The low wear resistance leads to the release of implant wear debris into the surrounding tissue and can produce an adverse cellular response leading to the release of harmful enzymes, inflammation, osteolysis, infection, pain and bone resorption [7,34]. The wear resistance of the material plays a significant role in the proper functioning of the biomaterial, avoiding loosening of the implant and reactions in the tissue in which it is deposited, improving the quality of life of the patient [35]. A description of the importance of wear performance of metal biomaterials was carried out in previous work by the present authors [35].

Osseointegration

It is defined as the direct anchoring of an implant by the formation of bone tissue around the implant without fibrous tissue growth at the bone-implant interface [36,37]. Osseointegration is the stable and functional union between the bone and an implanted surface. This phenomenon occurs after insertion of the device into the bone and migration of the bone cells to the surface of the bone [38]. The osseointegration of a bone fixation is defined as the intimate apposition of newly formed bone and reformed in congruence with the fixations, including surface irregularities, so that, with the analysis by optical microscopy, there is no interposition of connective or fibrous tissue and is established a direct structural and functional connection, able to withstand normal physiological loads without excessive deformation and without initiating a rejection mechanism [28]. However, the term osseointegration can be defined considering several points of view: scientific and under the patient’s eye [39]. From the point of view of patient’s, an implant is osseointegrated if it provides a stable and seemingly immobile support of a prosthesis under functional loads without pain, inflammation or loosening.

From the point of view of macroscopic and microscopic biology and medicine, osseointegration of an implant in the bone is defined as the intimate apposition of newly formed bone, including surface irregularities, so that, by optical microscopy analysis, there is no interposition of connective tissue or fibrosis, and a direct structural and functional connection is established, capable of withstanding normal physiological loads without excessive deformation and without initiating a rejection mechanism. From the macroscopic biomechanical point of view, an implant is osseointegrated if there is no increase in mobility between the implant and the living bone and surrounding bone marrow under levels and types of functional load throughout the life of the patient. It is also necessary that the deformations are of the same order of magnitude as when the same loads are applied directly to the bone.

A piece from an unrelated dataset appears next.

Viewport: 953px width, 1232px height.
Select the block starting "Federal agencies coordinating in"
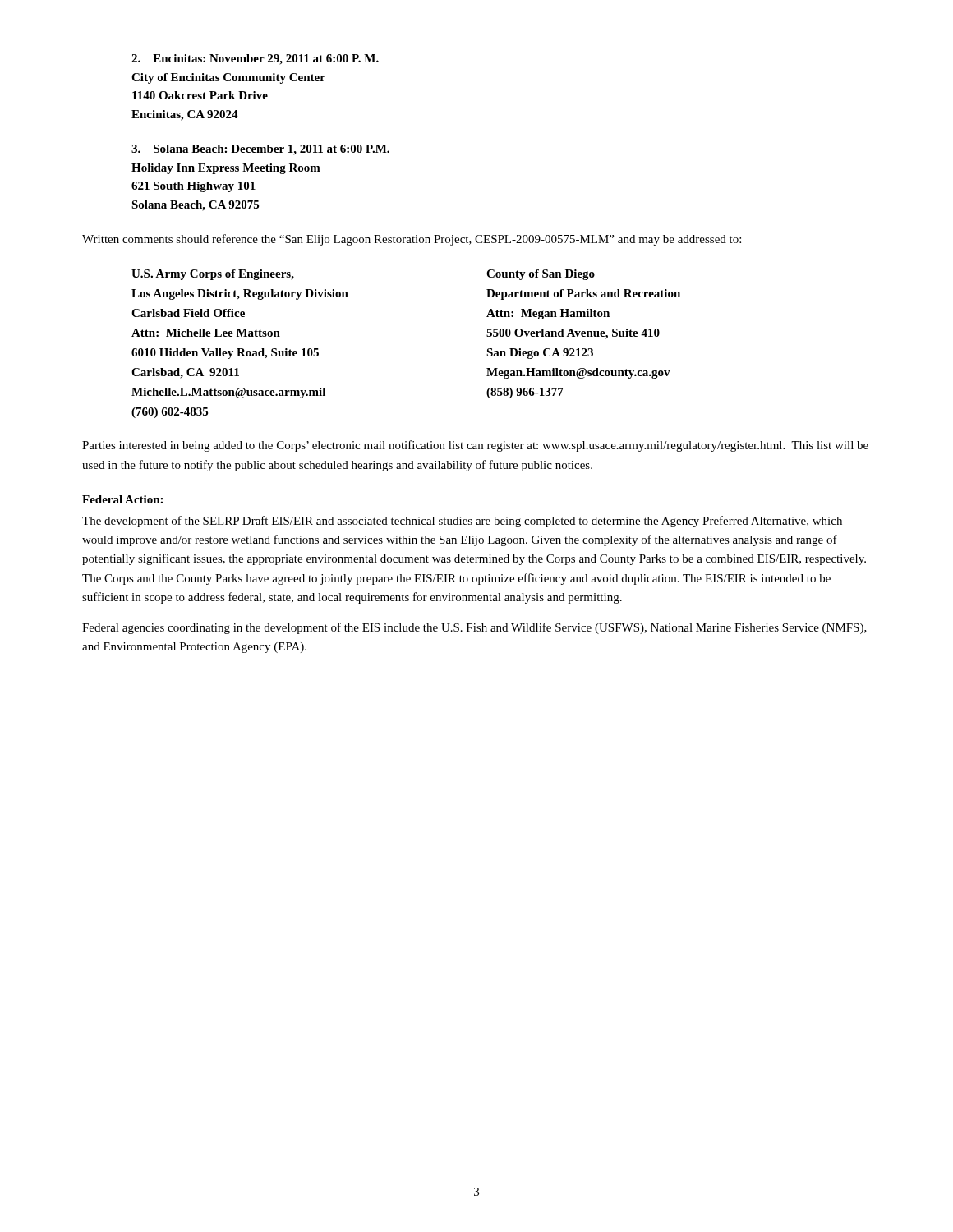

From a microscopic biophysical point of view: osseointegration implies that, in optical and electron microscopy, the identifiable components of tissue in a thin zone around the surface of the implant are identified as normal bone and spinal components, which continually constitute a normal bone structure around the fixation. This implies that the mineralized tissue must be in contact with nanometres, so that there is no significant material interfaced functionally at the interface [39].

Final considerations

The discussion mentioned above illustrates that for choosing a biomaterial one must observe some fundamental properties according to the specific application to be performed by the implant. Biocompatibility is the basic point of choice, and titanium alloys are superior in terms of compatibility compared to stainless steel and cobalt alloys. High wear resistance prevents implant loosening, adverse reactions and revision surgery. A biomaterial should not present mechanical incompatibility, having a modulus of elasticity equivalent to that of bone avoiding the effect of stress shielding. It must also have high corrosion resistance avoiding the release of non-compatible metallic ions from the implant to the body. In all biomaterial selection and development, the objective is the longevity of the implant in the living organism and a better quality of life of the patient.